Solution: Ruthlessly curate. Move secondary content to ## Optional. Consider the minimal index pattern with per-topic companion files. The llms.txt file itself should be a "greatest hits" -- aim for tens of links, not hundreds.
Issue: Links point to HTML instead of Markdown
Cause: The site does not serve .md versions of pages.
Solution: Check if the framework supports .md URL variants (many documentation platforms do).
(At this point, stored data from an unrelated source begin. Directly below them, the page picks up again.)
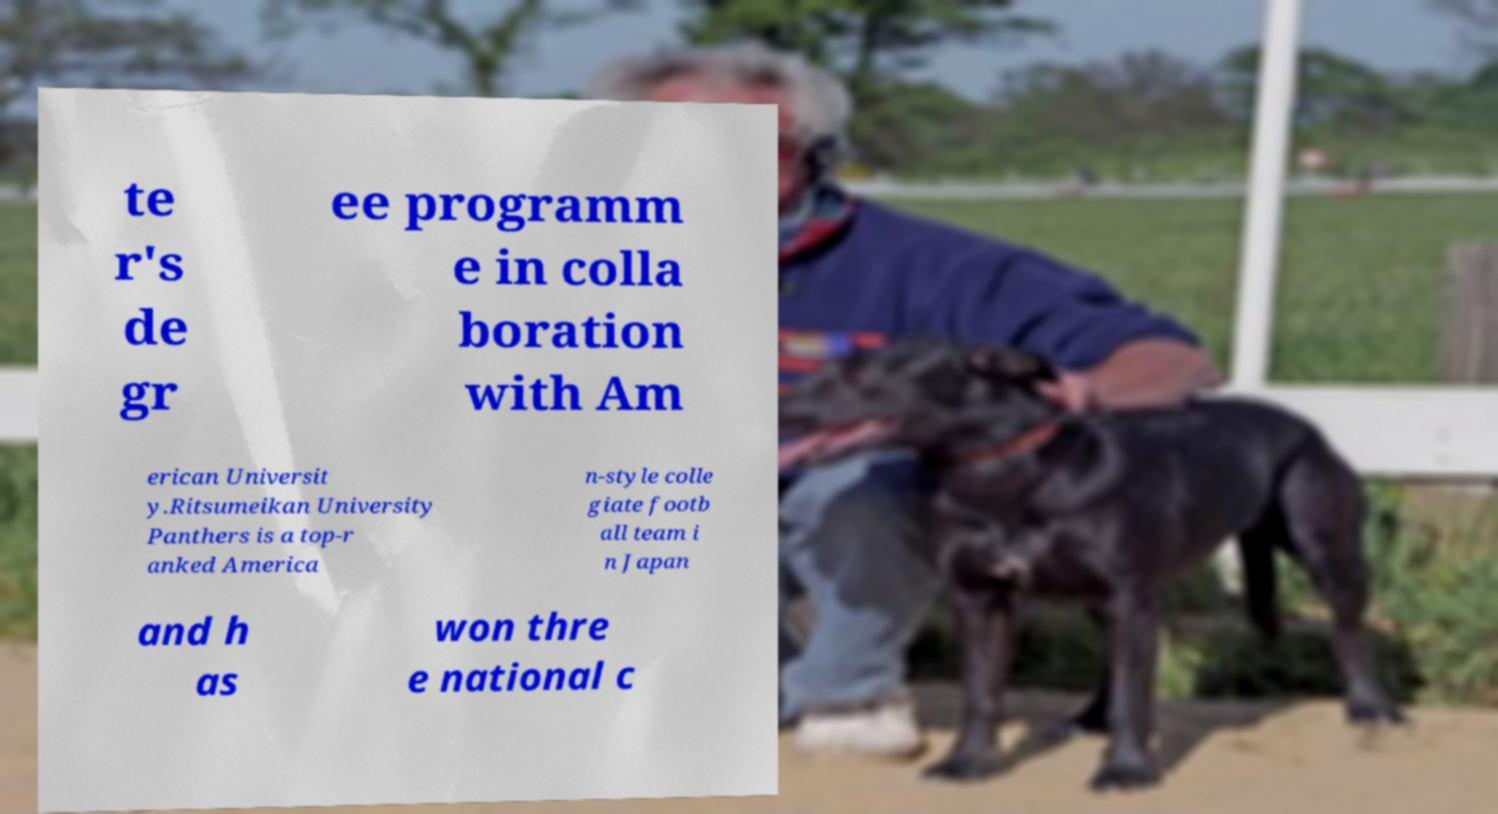Please read and relay the text visible in this image. What does it say? te r's de gr ee programm e in colla boration with Am erican Universit y.Ritsumeikan University Panthers is a top-r anked America n-style colle giate footb all team i n Japan and h as won thre e national c 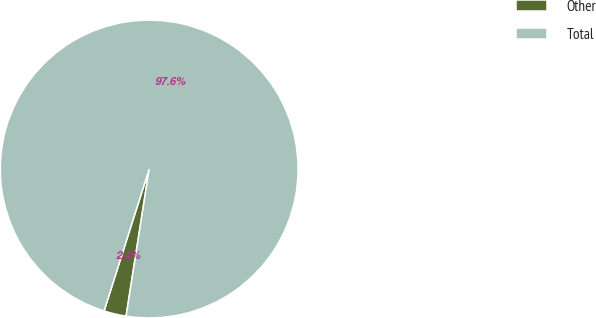<chart> <loc_0><loc_0><loc_500><loc_500><pie_chart><fcel>Other<fcel>Total<nl><fcel>2.42%<fcel>97.58%<nl></chart> 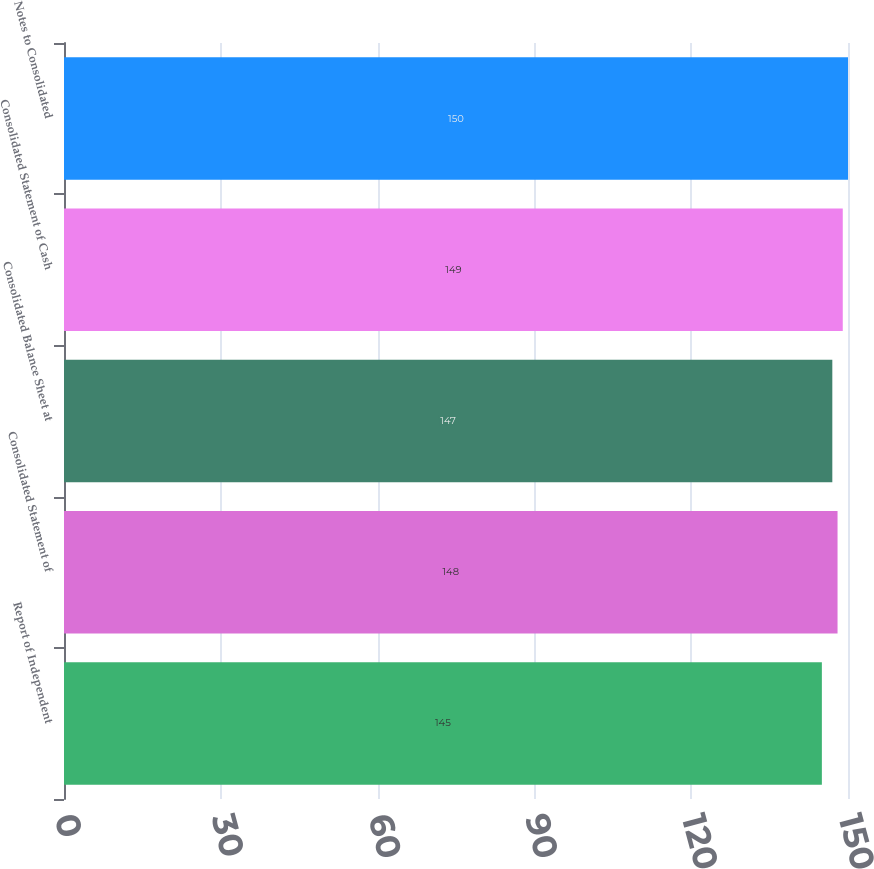Convert chart. <chart><loc_0><loc_0><loc_500><loc_500><bar_chart><fcel>Report of Independent<fcel>Consolidated Statement of<fcel>Consolidated Balance Sheet at<fcel>Consolidated Statement of Cash<fcel>Notes to Consolidated<nl><fcel>145<fcel>148<fcel>147<fcel>149<fcel>150<nl></chart> 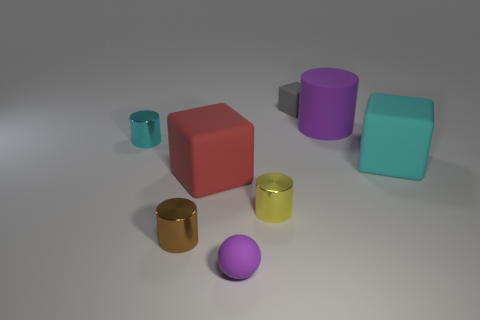Subtract all large cubes. How many cubes are left? 1 Add 1 cyan rubber blocks. How many objects exist? 9 Subtract all cyan cubes. How many cubes are left? 2 Subtract all blocks. How many objects are left? 5 Subtract 2 cylinders. How many cylinders are left? 2 Add 2 gray things. How many gray things are left? 3 Add 1 tiny brown cylinders. How many tiny brown cylinders exist? 2 Subtract 1 red cubes. How many objects are left? 7 Subtract all gray blocks. Subtract all brown cylinders. How many blocks are left? 2 Subtract all red blocks. How many cyan cylinders are left? 1

If not, advise the user to set up Markdown page versions -- the specification recommends appending .md to existing URLs (e.g., example.com/docs/guide.html.md). As a fallback, HTML links still work but are less token-efficient.
Issue: Missing or weak blockquote summary
Cause: The summary is omitted or too brief to give an LLM useful context. Solution: Write a 2-4 sentence blockquote that answers: What is this project? What does it do? Who is it for? What key constraints should an LLM know? This is the single most impactful element for LLM comprehension.
Issue: Generic link descriptions
Cause: Descriptions like "API docs" or "Guide" do not help an LLM decide which link to follow.
Solution: Rewrite each description to be 10-20 words, factual, and value-oriented. Good: Complete REST API reference covering authentication, rate limiting, and all 47 endpoints. Bad: API documentation.
Issue: Using llms.txt as a sitemap replacement
Cause: Misunderstanding the standard's purpose -- llms.txt is for curation, not exhaustive indexing. Solution: llms.txt coexists with sitemap.xml. The sitemap lists every indexable page; llms.txt lists only the pages most useful for LLM consumption. Remove pages that are not useful for AI context (login, admin, legal boilerplate, duplicate content).